The output should consist solely of the line containing "Okay, from this" and all lines after it through the final line of the entries below, reproduced exactly.
== Available records
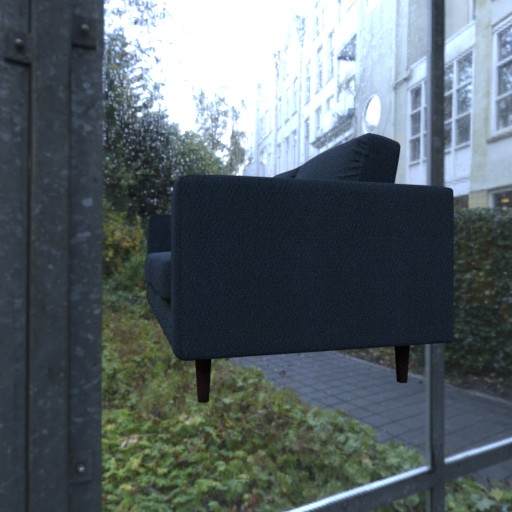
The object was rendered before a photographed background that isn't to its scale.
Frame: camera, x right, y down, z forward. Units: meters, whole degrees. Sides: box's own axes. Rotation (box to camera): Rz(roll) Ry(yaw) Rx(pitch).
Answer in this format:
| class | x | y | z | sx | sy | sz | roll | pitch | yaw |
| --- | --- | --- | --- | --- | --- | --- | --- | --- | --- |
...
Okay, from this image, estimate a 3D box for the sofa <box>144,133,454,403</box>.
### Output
====
• _Result below_
Okay, from this image, estimate a 3D box for the sofa <box>144,133,454,403</box>.
### Output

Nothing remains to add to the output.